Your changes will be applied the next time the flow is run. If you need to revert the changes before the flow is run, see Reverting Changes below.

Tip: You can also review clusters and move records by selecting records on the Source Records page and choosing Actions > Move Records.

Creating a New Entity

On the Manage Cluster Details page, you can choose to create a new entity from one or more source records. This moves all of the selected records into the the same new entity. For example, if you select three source records, all three are clustered into the same new entity.

When you create a new entity, all records are verified in the new entity. By default, Tamr also verifies all records in the original entity. You can choose not to verify records in the original entity.

To create a new entity:

  1. Open the data product.
  2. In the Entities table, select one or more entities whose source records you want to review, then select Actions > Manage Cluster Details.
    You can sort and filter the table to find specific entities.
  3. Select one or more source records to move to a new entity.
  4. Select Actions > Create New Entity.
  5. Confirm the source records you want to move into a new entity.
  6. By default, the option to verify all records in the original entity are enabled. Verified records will not move between clusters during flow runs. Disable this options if you do not want the records in the original cluster to be verified.
  7. Select Create.

Your changes will be applied the next time the flow is run. If you need to revert the changes before the flow is run, see Reverting Changes below.

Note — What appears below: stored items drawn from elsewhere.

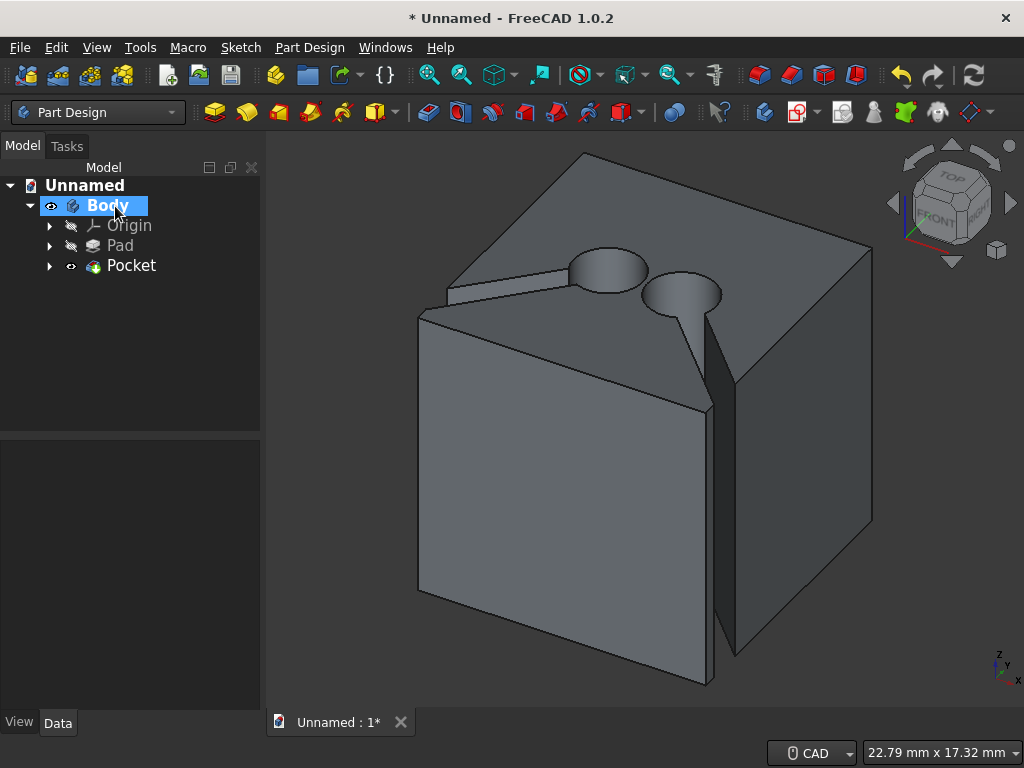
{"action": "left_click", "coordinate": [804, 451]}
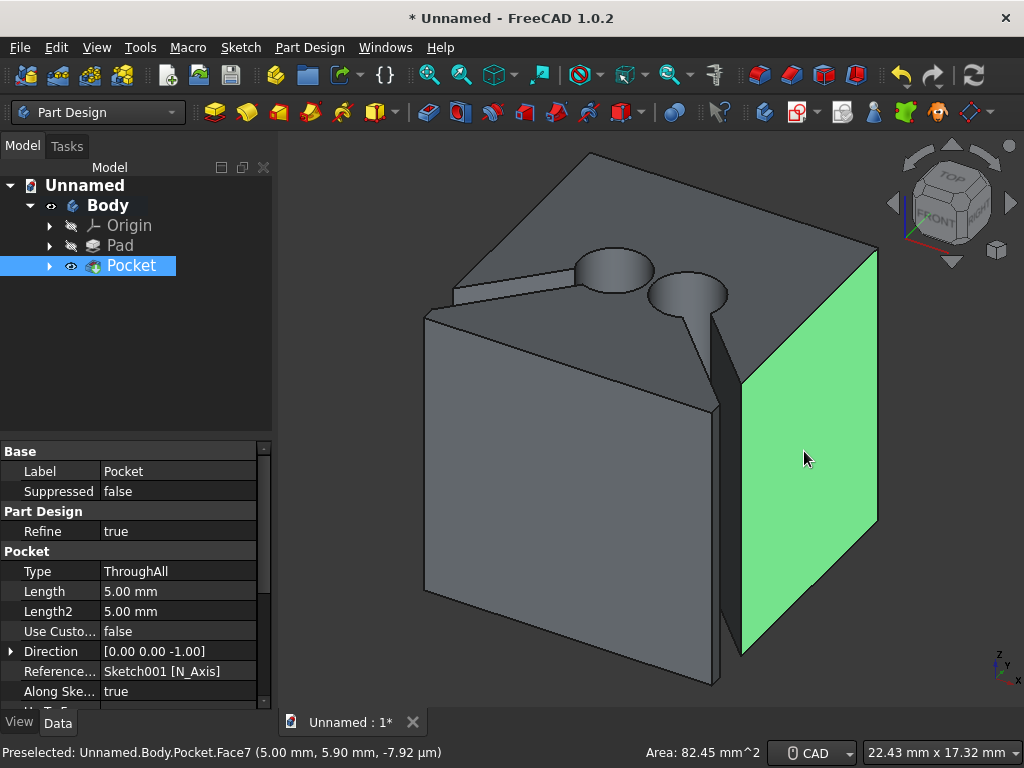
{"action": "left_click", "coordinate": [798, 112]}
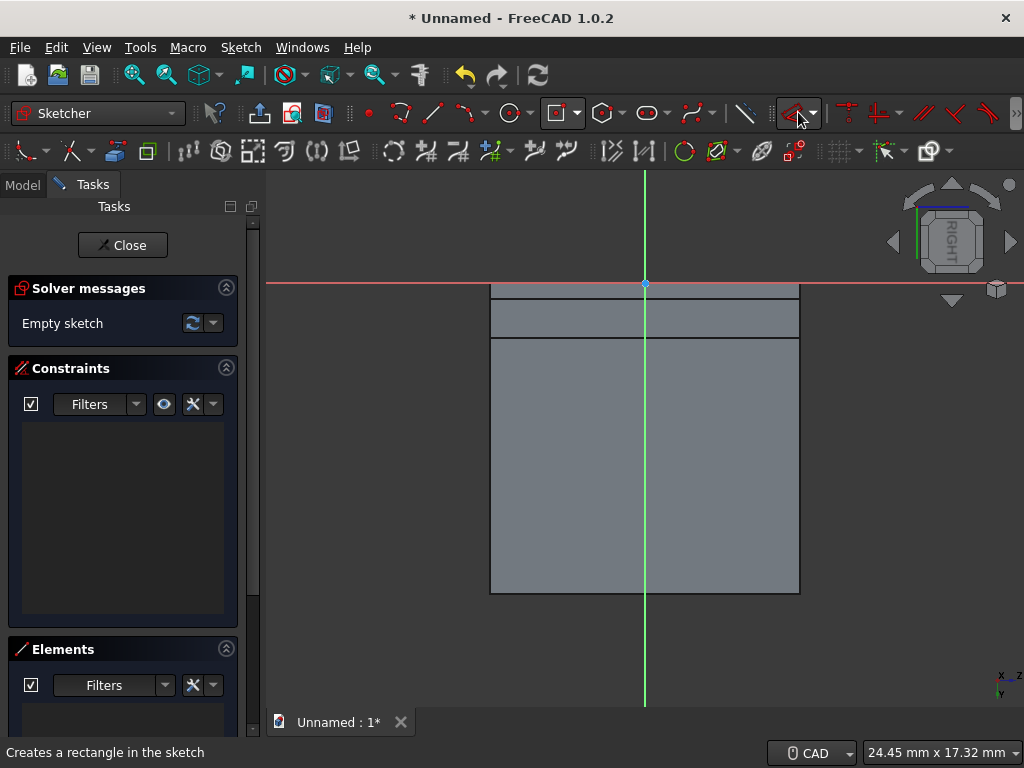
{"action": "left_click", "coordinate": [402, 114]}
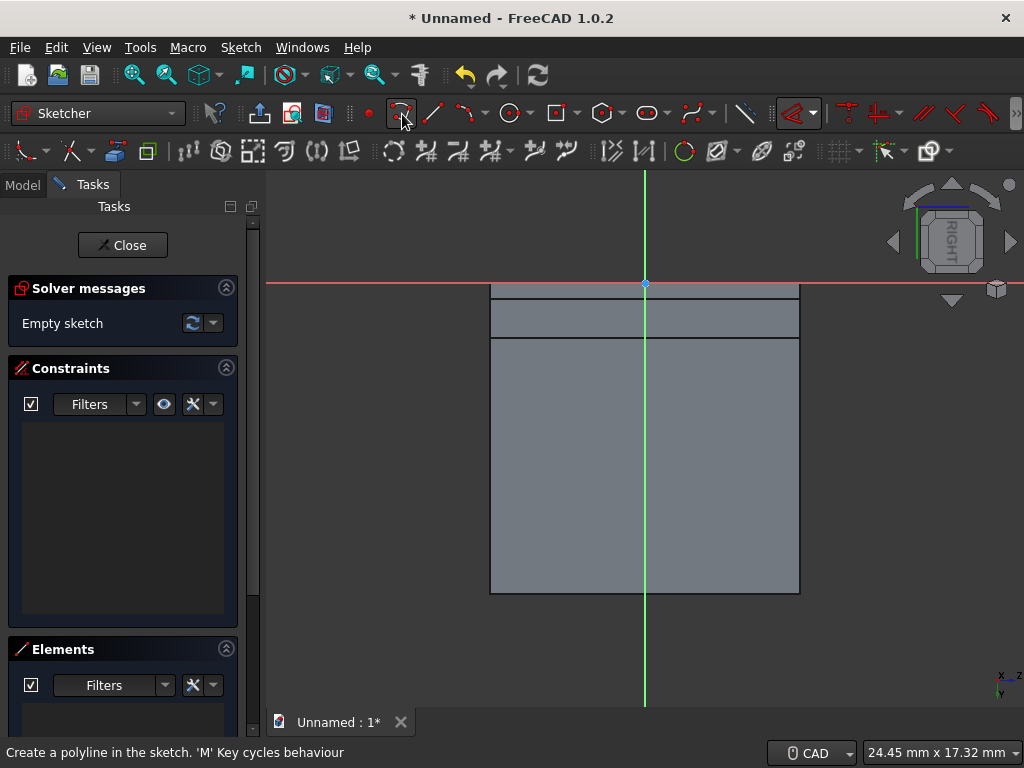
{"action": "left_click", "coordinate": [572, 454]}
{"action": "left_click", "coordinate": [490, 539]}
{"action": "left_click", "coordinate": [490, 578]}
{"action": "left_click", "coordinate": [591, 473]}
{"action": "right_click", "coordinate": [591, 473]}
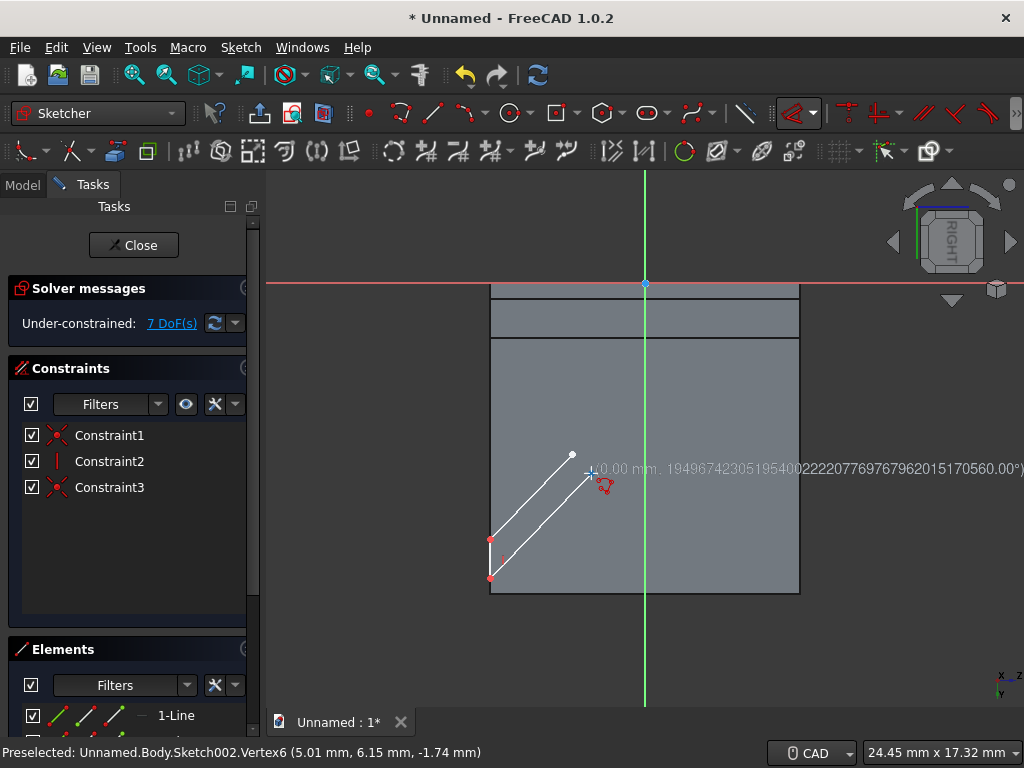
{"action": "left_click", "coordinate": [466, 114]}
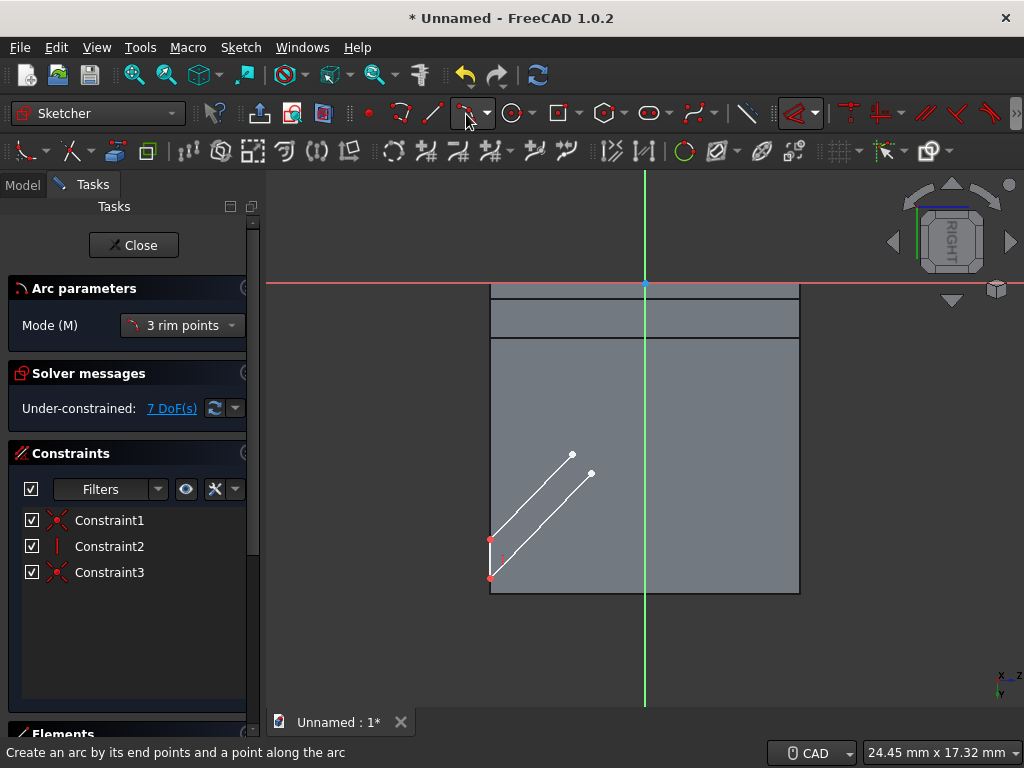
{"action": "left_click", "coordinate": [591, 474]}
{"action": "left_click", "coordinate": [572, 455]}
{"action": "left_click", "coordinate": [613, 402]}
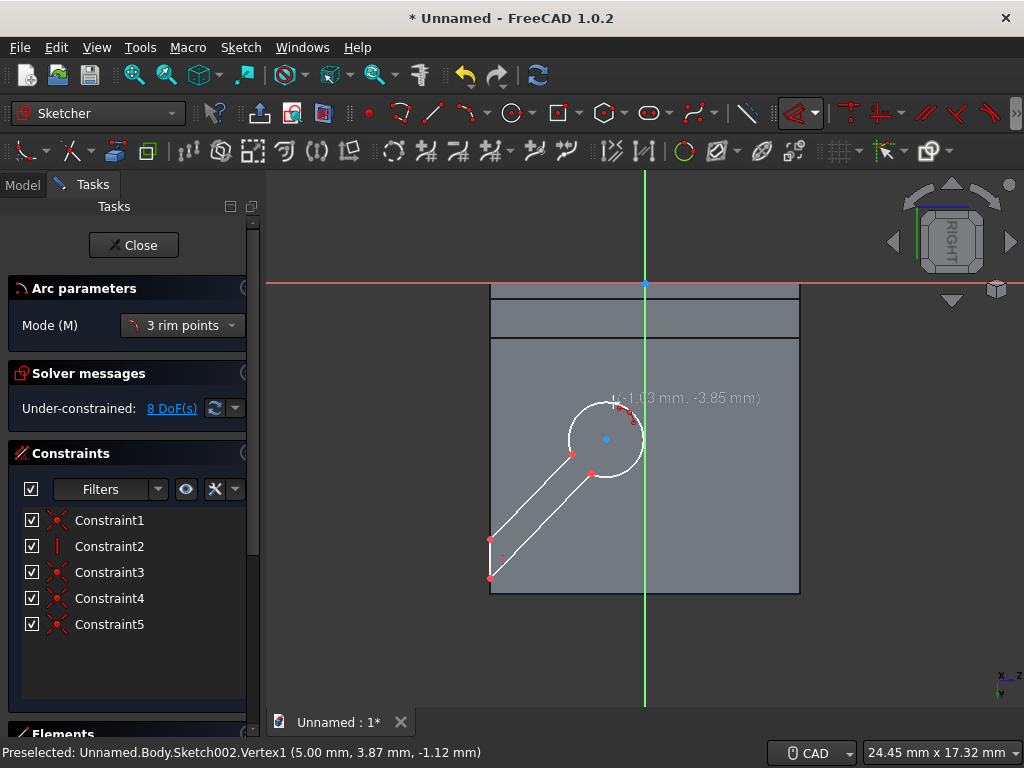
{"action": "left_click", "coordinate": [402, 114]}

Tip: You can also create new entities by selecting records on the Source Records page and choosing Actions > Create Entity.

Reverting Cluster Changes

You can revert any changes made to source record clusters before the next flow is run. Reverting a change returns the source record to the cluster to which it was assigned in the previous flow run. For example, if you move a source record from cluster A to cluster B, and then move it to cluster C, revert will return it to cluster A.

When you revert a change, the reverted source record is marked as pending verification in the original cluster. See Verifying Source Records.

Revert changes from the Manage Clusters Details page.

To revert a cluster change:

  1. On the Manage Cluster Details page, select the checkbox for the record pending change.
  2. Select Actions > Revert Record Moves.

You can also move records multiple times between flow runs; instead of reverting the change, you can simply move the record to its original cluster or a different cluster.

Viewing Cluster Override History

You can track cluster override actions in the activity log.